Tabular display is another approach for showing relationships among retrieval documents. The Envision system [fox93] allows the user to organize results according to metadata such as author or date along the X and Y-axes, and uses graphics to show values for attributes associated with retrieved documents within each cell (see Figure ). Color, shape, and size of an iconic representation of a document are used to show the computed relevance, the type of document, or other attributes. Clicking on an icon brings up more information about the document in another window. Like the WebCutter system, this view provides few cues about how the documents are related to one another in terms of their content or meaning. The SenseMaker system also allows users to group documents into different views via a table-like display [baldonado97], including a Scatter/Gather [cutting92] style view. Although tables are appealing, they cannot show the intersections of many different attributes; rather they are better for pairwise comparisons. Another problem with tables for display of textual information is that very little information can be fitted on a screen at a time, making comparisons difficult.
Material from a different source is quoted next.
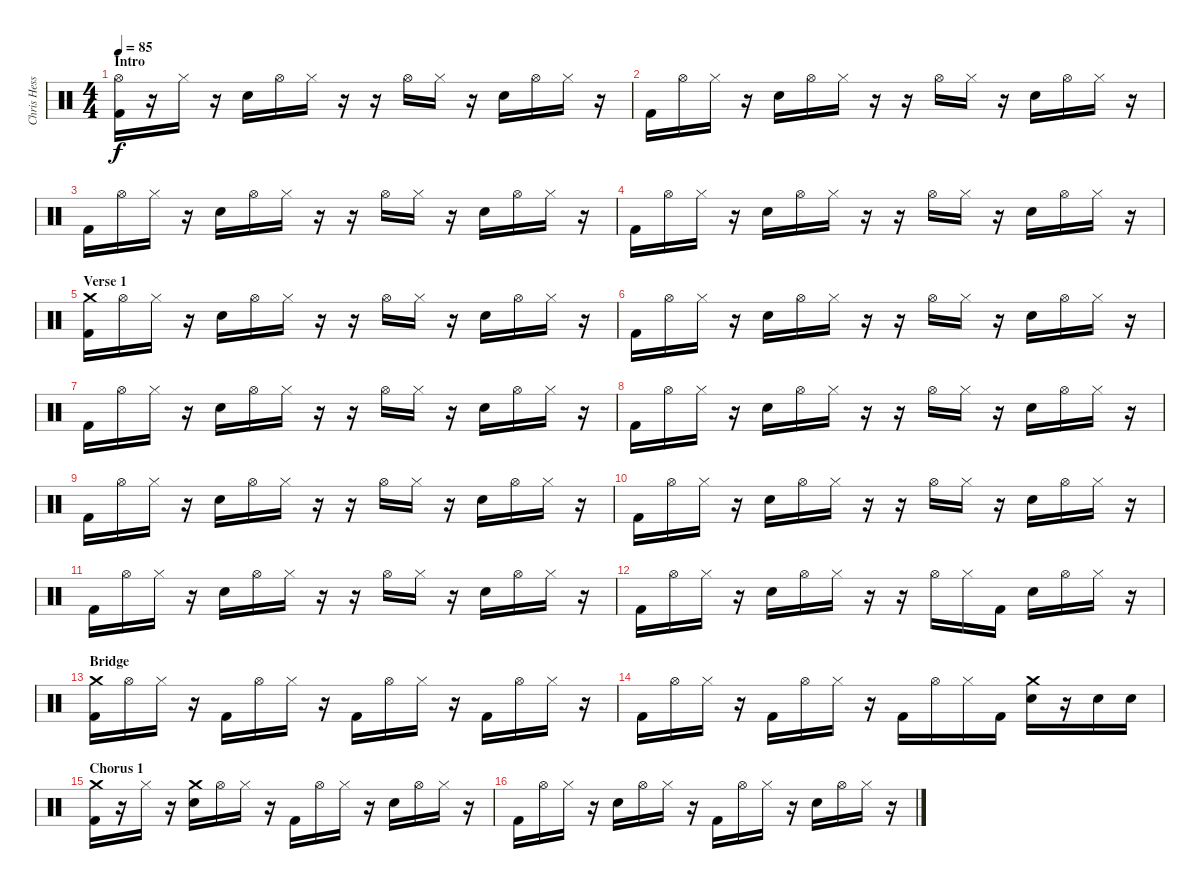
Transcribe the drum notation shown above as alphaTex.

The Table Lens [rao94b] is an innovative interface for viewing and interactively reorganizing very large tables of information (see Figure 10.24). It uses focus-plus-context to fit hundreds of rows of information in a space occupied by at most two dozen rows in standard spreadsheets. And because it allows for rapid reorganization via sorting of columns, users can quickly switch from a view focused around one kind of metadata to another. For example, first sorting documents by rank and then by author name can show the relative ranks of different articles by the same author. A re-sort by date can show patterns in relevance scores with respect to date of publication. This rapid re-sorting capability helps circumvent the problems associated with the fact that tables cannot show many simultaneous intersections.
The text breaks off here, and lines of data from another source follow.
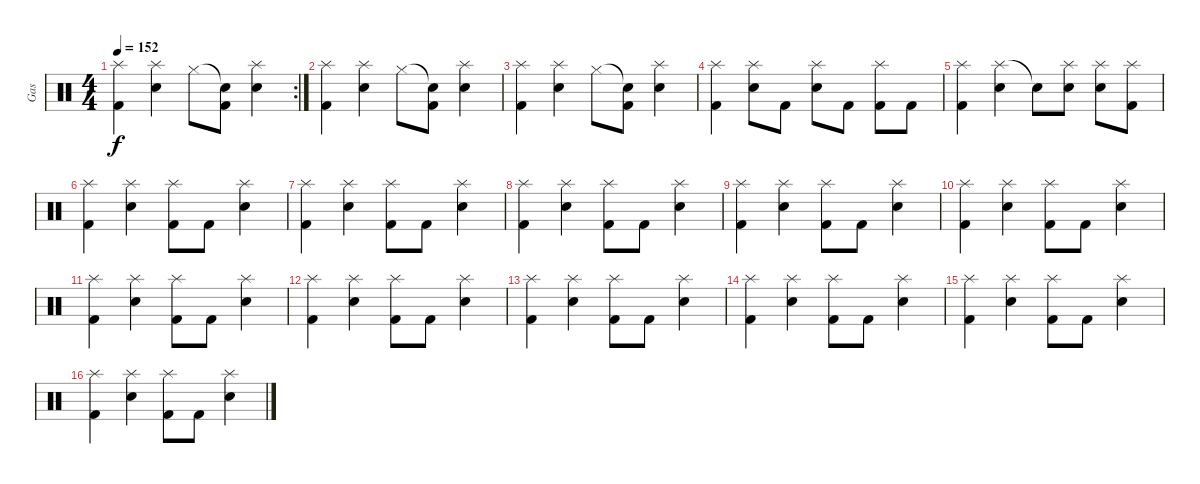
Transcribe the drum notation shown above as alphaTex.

\track ("Gas" "Gas") {instrument percussion}
\staff {score}
\articulation defaults
\rc 2
\ts (4 4)
\tempo 152
\clef neutral
\ks c
("Splash (hit)" "Kick (hit) 2").4{dy f} ("Splash (hit)" "Electric Snare (hit)").4 "Hi-Hat (closed)".8 ("Snare (hit)"{t} "Kick (hit) 2").8 ("Splash (hit)" "Electric Snare (hit)").4 |
("Splash (hit)" "Kick (hit) 2").4 ("Splash (hit)" "Electric Snare (hit)").4 "Hi-Hat (closed)".8 ("Snare (hit)"{t} "Kick (hit) 2").8 ("Splash (hit)" "Electric Snare (hit)").4 |
("Splash (hit)" "Kick (hit) 2").4 ("Splash (hit)" "Electric Snare (hit)").4 "Hi-Hat (closed)".8 ("Snare (hit)"{t} "Kick (hit) 2").8 ("Splash (hit)" "Electric Snare (hit)").4 |
("Splash (hit)" "Kick (hit) 2").4 ("Splash (hit)" "Electric Snare (hit)").8 "Kick (hit) 2".8 ("Splash (hit)" "Electric Snare (hit)").8 "Kick (hit) 2".8 ("Splash (hit)" "Kick (hit) 2").8 "Kick (hit) 2".8 |
("Splash (hit)" "Kick (hit) 2").4 ("Splash (hit)" "Electric Snare (hit)").4 "Electric Snare (hit)"{t}.8 ("Splash (hit)" "Electric Snare (hit)").8 ("Splash (hit)" "Electric Snare (hit)").8 ("Splash (hit)" "Kick (hit) 2").8 |
("Splash (hit)" "Kick (hit) 2").4 ("Splash (hit)" "Electric Snare (hit)").4 ("Splash (hit)" "Kick (hit) 2").8 "Kick (hit) 2".8 ("Splash (hit)" "Electric Snare (hit)").4 |
("Splash (hit)" "Kick (hit) 2").4 ("Splash (hit)" "Electric Snare (hit)").4 ("Splash (hit)" "Kick (hit) 2").8 "Kick (hit) 2".8 ("Splash (hit)" "Electric Snare (hit)").4 |
("Splash (hit)" "Kick (hit) 2").4 ("Splash (hit)" "Electric Snare (hit)").4 ("Splash (hit)" "Kick (hit) 2").8 "Kick (hit) 2".8 ("Splash (hit)" "Electric Snare (hit)").4 |
("Splash (hit)" "Kick (hit) 2").4 ("Splash (hit)" "Electric Snare (hit)").4 ("Splash (hit)" "Kick (hit) 2").8 "Kick (hit) 2".8 ("Splash (hit)" "Electric Snare (hit)").4 |
("Splash (hit)" "Kick (hit) 2").4 ("Splash (hit)" "Electric Snare (hit)").4 ("Splash (hit)" "Kick (hit) 2").8 "Kick (hit) 2".8 ("Splash (hit)" "Electric Snare (hit)").4 |
("Splash (hit)" "Kick (hit) 2").4 ("Splash (hit)" "Electric Snare (hit)").4 ("Splash (hit)" "Kick (hit) 2").8 "Kick (hit) 2".8 ("Splash (hit)" "Electric Snare (hit)").4 |
("Splash (hit)" "Kick (hit) 2").4 ("Splash (hit)" "Electric Snare (hit)").4 ("Splash (hit)" "Kick (hit) 2").8 "Kick (hit) 2".8 ("Splash (hit)" "Electric Snare (hit)").4 |
("Splash (hit)" "Kick (hit) 2").4 ("Splash (hit)" "Electric Snare (hit)").4 ("Splash (hit)" "Kick (hit) 2").8 "Kick (hit) 2".8 ("Splash (hit)" "Electric Snare (hit)").4 |
("Splash (hit)" "Kick (hit) 2").4 ("Splash (hit)" "Electric Snare (hit)").4 ("Splash (hit)" "Kick (hit) 2").8 "Kick (hit) 2".8 ("Splash (hit)" "Electric Snare (hit)").4 |
("Splash (hit)" "Kick (hit) 2").4 ("Splash (hit)" "Electric Snare (hit)").4 ("Splash (hit)" "Kick (hit) 2").8 "Kick (hit) 2".8 ("Splash (hit)" "Electric Snare (hit)").4 |
("Splash (hit)" "Kick (hit) 2").4 ("Splash (hit)" "Electric Snare (hit)").4 ("Splash (hit)" "Kick (hit) 2").8 "Kick (hit) 2".8 ("Splash (hit)" "Electric Snare (hit)").4

Another variation on the table theme is that seen in the Perspective Wall [mackinlay91] in which a focus-plus-context display is used to center information currently of interest in the middle of the display, compressing less important information into the periphery on the sides of the wall. The idea is to show in detail the currently most important information while at the same time retaining the context of the rest of the information. For example, if viewing documents in chronological order, the user can easily tell if they are currently looking at documents in the beginning, middle, or end of the time range.
These interfaces have not been applied to information access tasks. The problem with such displays when applied to text is that they require an attribute that can be shown according to an underlying order, such as date. Unfortunately, information useful for organizing text content, such as topic labels, does not have an inherent meaningful order. Alphabetical order is useful for looking up individual items, but not for seeing patterns across items according to adjacency, as in the case for ordered data types like dates and size.